Gil – Ainda é muito cedo para definir as posições, mas se por ventura isso vier a acontecer, será uma honra participar ao lado de grandes homens e políticos de nossa cidade.

 

Folha – Recentemente, você disse que acreditava na sinceridade do rompimento do deputado estadual Geraldo Pudim (PR, de malas prontas ao PMDB) com Garotinho, mas que faltava a população acreditar. O que ele, assim como você, terão que fazer até 2016 para o eleitor não considerar um e outro como um plano B (e C) do garotismo?

Gil – Quanto ao deputado Geraldo Pudim, eu acredito no rompimento, sim. Mas ele terá que realmente provar nas ruas. Quanto a mim, quem me conhece sabe do meu histórico como pessoa e como político. Sempre fui firme em minhas decisões e palavras, estou muito tranquilo com minha consciência.

 

Folha – Farol é conhecida como seu reduto eleitoral. No último domingo, numa rádio comunitária de lá, Garotinho disse que ele e Josias Quintal (PSB), ex-secretário estadual de Segurança e hoje prefeito de Pádua, teriam interferido para evitar uma punição a você, quando era policial militar. Do que ele poderia estar falando?

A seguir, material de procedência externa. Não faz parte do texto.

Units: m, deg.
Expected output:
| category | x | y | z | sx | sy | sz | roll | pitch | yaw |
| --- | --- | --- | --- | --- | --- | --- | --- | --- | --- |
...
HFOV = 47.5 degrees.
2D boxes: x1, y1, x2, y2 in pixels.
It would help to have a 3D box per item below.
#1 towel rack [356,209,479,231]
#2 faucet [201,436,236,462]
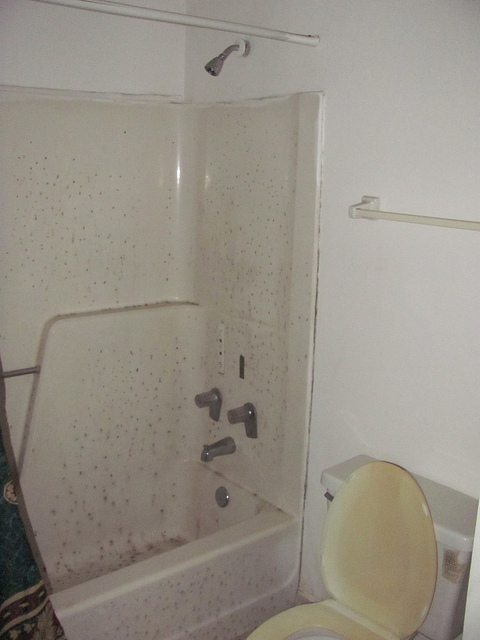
| category | x | y | z | sx | sy | sz | roll | pitch | yaw |
| --- | --- | --- | --- | --- | --- | --- | --- | --- | --- |
| towel rack | 0.339 | -0.191 | 1.045 | 0.048 | 0.024 | 0.291 | -2 | 15 | -33 |
| faucet | -0.074 | 0.429 | 1.837 | 0.110 | 0.072 | 0.028 | -22 | 3 | -23 |
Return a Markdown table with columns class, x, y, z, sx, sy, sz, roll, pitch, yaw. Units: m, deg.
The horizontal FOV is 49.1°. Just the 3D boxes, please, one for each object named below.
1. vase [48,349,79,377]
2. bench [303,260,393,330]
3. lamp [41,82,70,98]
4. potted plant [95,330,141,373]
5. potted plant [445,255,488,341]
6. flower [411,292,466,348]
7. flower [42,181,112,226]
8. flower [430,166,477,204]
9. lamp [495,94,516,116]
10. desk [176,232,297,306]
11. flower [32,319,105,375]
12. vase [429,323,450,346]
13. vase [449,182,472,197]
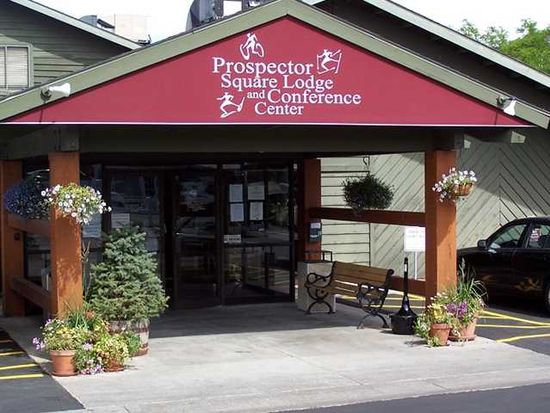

Gil – Não sei a que esse senhor se refere, porque isso nunca aconteceu. Ele continua dissimulado e mentindo o tempo todo, tentando denegrir a imagem das pessoas no âmbito pessoal. Sou e sempre fui uma pessoa do bem e nada disso me abala.

 

Folha – O secretário de Governo e esposo da prefeita também disse que sua maior obra no Farol, enquanto vereador, teria sido a reforma da sua casa. Se os ataques já estão nesse nível a 15 meses da eleição, o que esperar até lá?

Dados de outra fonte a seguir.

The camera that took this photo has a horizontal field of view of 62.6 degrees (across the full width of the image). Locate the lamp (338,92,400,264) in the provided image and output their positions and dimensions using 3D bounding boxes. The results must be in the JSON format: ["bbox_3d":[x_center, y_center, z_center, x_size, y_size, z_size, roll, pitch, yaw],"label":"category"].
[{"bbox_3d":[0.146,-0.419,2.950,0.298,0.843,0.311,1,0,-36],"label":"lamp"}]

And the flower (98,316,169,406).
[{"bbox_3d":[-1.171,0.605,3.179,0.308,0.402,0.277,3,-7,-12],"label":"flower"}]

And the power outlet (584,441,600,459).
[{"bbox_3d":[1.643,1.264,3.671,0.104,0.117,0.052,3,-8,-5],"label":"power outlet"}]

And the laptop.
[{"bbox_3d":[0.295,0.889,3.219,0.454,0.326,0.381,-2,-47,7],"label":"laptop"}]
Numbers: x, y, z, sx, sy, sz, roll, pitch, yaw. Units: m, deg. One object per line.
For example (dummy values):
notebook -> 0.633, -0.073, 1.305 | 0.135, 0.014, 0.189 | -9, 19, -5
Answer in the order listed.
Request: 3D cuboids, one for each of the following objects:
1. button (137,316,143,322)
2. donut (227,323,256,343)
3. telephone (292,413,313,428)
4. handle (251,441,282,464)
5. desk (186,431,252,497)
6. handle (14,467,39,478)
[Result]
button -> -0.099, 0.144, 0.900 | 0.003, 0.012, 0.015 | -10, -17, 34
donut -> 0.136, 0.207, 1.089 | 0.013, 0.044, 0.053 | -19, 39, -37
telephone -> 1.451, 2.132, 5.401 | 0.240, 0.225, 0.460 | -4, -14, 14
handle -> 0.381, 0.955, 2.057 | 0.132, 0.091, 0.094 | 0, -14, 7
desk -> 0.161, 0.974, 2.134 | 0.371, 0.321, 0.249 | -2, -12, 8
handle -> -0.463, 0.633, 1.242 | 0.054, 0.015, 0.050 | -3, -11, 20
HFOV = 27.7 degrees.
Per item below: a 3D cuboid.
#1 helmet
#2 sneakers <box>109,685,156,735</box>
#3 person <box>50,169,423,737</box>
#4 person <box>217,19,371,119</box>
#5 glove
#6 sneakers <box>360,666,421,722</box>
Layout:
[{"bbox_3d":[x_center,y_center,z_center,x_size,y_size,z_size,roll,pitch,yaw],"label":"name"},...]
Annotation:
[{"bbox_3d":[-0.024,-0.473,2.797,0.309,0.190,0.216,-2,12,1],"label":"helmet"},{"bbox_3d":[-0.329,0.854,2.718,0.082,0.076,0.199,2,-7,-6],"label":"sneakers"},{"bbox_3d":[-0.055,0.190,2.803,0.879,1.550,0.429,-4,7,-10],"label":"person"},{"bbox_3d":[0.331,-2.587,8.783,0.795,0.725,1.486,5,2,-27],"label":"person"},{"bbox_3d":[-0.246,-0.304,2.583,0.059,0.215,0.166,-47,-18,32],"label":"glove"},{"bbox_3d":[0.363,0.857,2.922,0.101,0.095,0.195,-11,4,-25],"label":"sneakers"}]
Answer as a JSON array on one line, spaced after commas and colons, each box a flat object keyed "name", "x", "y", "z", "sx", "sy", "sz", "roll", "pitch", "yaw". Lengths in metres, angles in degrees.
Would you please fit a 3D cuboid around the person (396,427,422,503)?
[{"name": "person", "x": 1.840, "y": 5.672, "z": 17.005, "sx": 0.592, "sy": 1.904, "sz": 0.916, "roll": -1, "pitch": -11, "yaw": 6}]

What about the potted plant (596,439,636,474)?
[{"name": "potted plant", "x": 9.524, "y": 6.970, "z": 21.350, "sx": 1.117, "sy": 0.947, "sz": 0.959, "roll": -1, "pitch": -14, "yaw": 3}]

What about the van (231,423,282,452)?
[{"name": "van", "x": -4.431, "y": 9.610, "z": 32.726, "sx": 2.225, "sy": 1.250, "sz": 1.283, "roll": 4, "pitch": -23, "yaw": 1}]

Gil – Primeiro, que quem faz obra pública não é vereador, é o prefeito ou a prefeita. E quanto a minha casa no Farol, não foi reforma, foi construção. Afinal, não tenho nada a esconder. Fiz minha casa na única praia campista, onde tenho laços familiares, de amizade e políticos. Pior é seu tivesse construído em outros balneários famosos, como muitos por aí.

 

Folha – Depois da enquadrada que levou (aqui) do deputado federal Ronaldo Caiado (DEM) em pelo Congresso Nacional, ficou notório que Garotinho afina quando confrontado diretamente, sem a distância segura do blog ou do microfone de rádio. Falta na política de Campos quem desempenhe esse papel, como fez em passado recente o ex-vereador Marcos Bacellar (SD)?

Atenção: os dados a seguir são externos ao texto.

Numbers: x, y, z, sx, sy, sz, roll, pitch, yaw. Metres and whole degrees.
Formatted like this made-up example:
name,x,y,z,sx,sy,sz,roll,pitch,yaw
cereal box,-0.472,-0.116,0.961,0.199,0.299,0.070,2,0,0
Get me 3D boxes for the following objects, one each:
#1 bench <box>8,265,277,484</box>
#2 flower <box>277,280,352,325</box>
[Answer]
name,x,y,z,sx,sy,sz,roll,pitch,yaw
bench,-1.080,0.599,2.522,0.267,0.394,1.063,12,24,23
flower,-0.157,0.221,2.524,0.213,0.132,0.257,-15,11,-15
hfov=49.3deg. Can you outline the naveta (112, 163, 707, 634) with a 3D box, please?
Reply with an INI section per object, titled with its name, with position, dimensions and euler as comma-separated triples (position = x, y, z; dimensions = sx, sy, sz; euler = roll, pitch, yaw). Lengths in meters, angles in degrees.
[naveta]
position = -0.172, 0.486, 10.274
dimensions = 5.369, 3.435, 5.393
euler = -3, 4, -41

Gil – Falta diálogo entre os representantes do Executivo para com a sociedade campista. A sociedade roga para interagir com os representantes do Executivo, sem lograr êxito. Um bom administrador deve ser aquele que presa a honestidade, a ética. Mas estes atributos devem ser de todo ser humano. Sendo assim, cada um tem seu perfil político. Precisamos ter mais compromisso, pois compromisso é fundamental. Temos que ter vontade de mudar, ser humanizado e trabalhar junto e para o povo. Sobretudo, não se pode mais simplesmente perseguir os que não concordam com seu governo. Enfim, ter uma vida firmada em valores éticos e morais e possuir competência para tomar decisões em favor do próximo, da coletividade e do povo.